Who uses cloud bursting?

Cloud bursting can be used across all industries and flexibly employed, catering to businesses that have no use for large cloud infrastructures as well as those that prefer to have on-premises data centres. In addition to adding resources for a short period of time to handle increased demand, cloud bursting can also be used for big data and machine learning models and simulations without incurring high costs.

Cloud bursting is particularly useful for applications that are not business critical and for data that doesn’t contain sensitive information. If you do use external capacity, data flows containing business-critical applications should be kept on a private cloud while non-critical workloads can be shared on public clouds. This ensures businesses comply with data protection regulations while maintaining performance and scalability.

What are some examples of cloud bursting use cases?

Cloud bursting is often used for seasonal peaks that online stores encounter. These seasonal increases in demand require scalable capacity, making cloud bursting useful. However, it is also important to ensure that sensitive customer data, such as payment information, is not transferred to third parties when using cloud bursting.

When it comes to analysing big data and creating models and simulations, the comprehensive infrastructure offered by providers such as Amazon AWS, Microsoft Azure or Google Cloud reduces the time needed to process data. Research facilities that have limited local IT infrastructure can also benefit from cloud bursting technology by using global cloud capacity.

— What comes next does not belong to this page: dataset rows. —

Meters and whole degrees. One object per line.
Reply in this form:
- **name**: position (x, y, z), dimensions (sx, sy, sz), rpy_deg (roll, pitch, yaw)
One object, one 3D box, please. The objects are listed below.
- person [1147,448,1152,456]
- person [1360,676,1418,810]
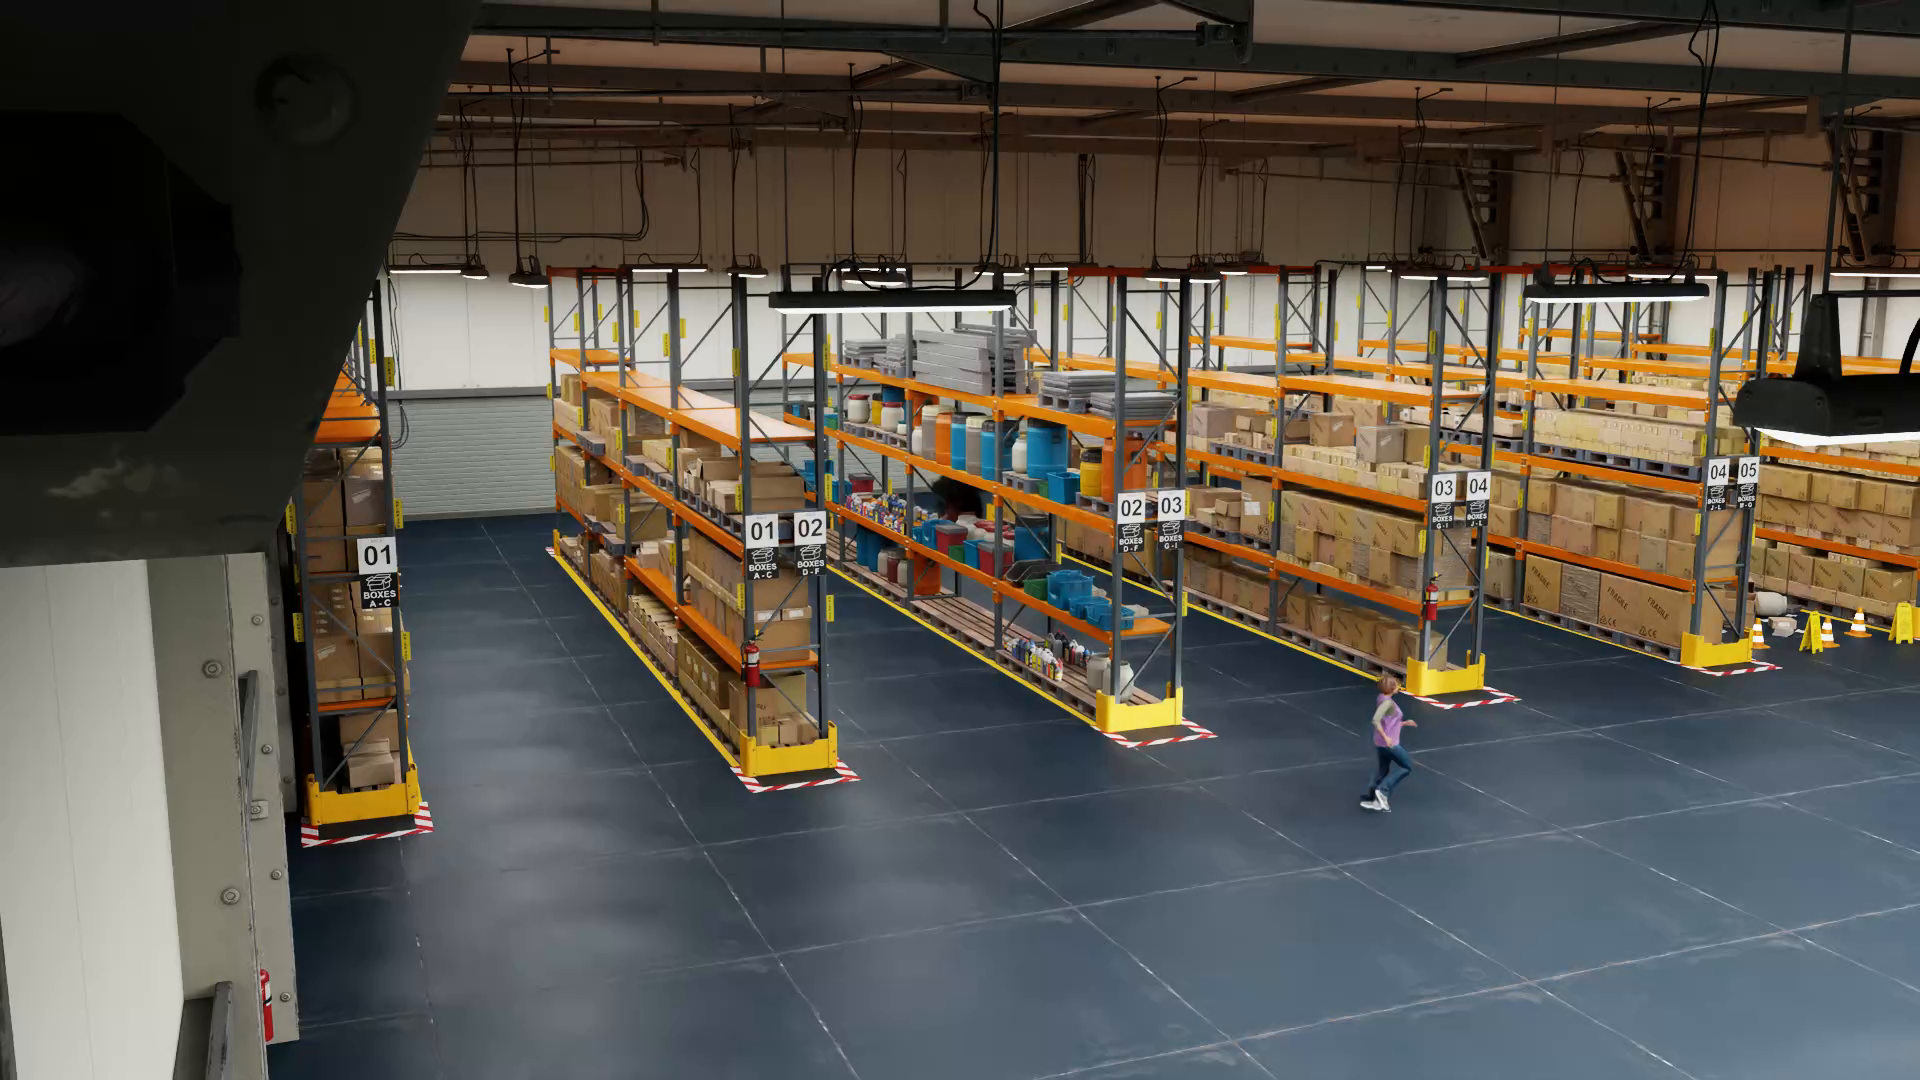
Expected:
- **person**: position (4.369, -1.301, 39.168), dimensions (0.748, 1.749, 0.569), rpy_deg (0, 10, 2)
- **person**: position (4.870, 2.304, 18.842), dimensions (0.620, 1.566, 0.513), rpy_deg (0, 10, 0)

What are the benefits of cloud bursting?

Cloud bursting can benefit businesses and institutions in the following ways:

  • Cost savings: the construction, maintenance and protection of a local, physical IT infrastructure for cloud computing can be costly in terms of material, energy and staff. Small and medium-sized businesses as well as entities with limited financial resources may not be able to afford their own cloud infrastructure. By using cloud bursting, they can better plan financially and reduce capacity to their respective needs.
  • Effort: alongside the financial burden of maintaining the IT infrastructure, there is also the time it requires. The maintenance and the daily operation of a data centre requires an in-house IT department with specialty knowledge. Since many businesses lack the time and money to search for and hire personnel, cloud bursting makes for a practical solution.
  • Flexibility and scalability: cloud bursting offers flexible IT resources for storage and computing capacity when you need it. Instead of operating your own data centre, you can connect resources to meet your demands. By doing so, you can flexibly share and process workloads and make use of needs-based scalability.
  • Capacity: cloud bursting technologies can help maintain performance during peak loads and avoid IT outages. You can increase performance limits and outsource workloads to external resources. This gives your public cloud and on-site data centre more capacity.
  • Customer and operator friendliness: by maintaining performance and capacity, you also improve your customer friendliness and your user experience design. This makes an app or online store more appealing to customers as well as more reliable and easier to use.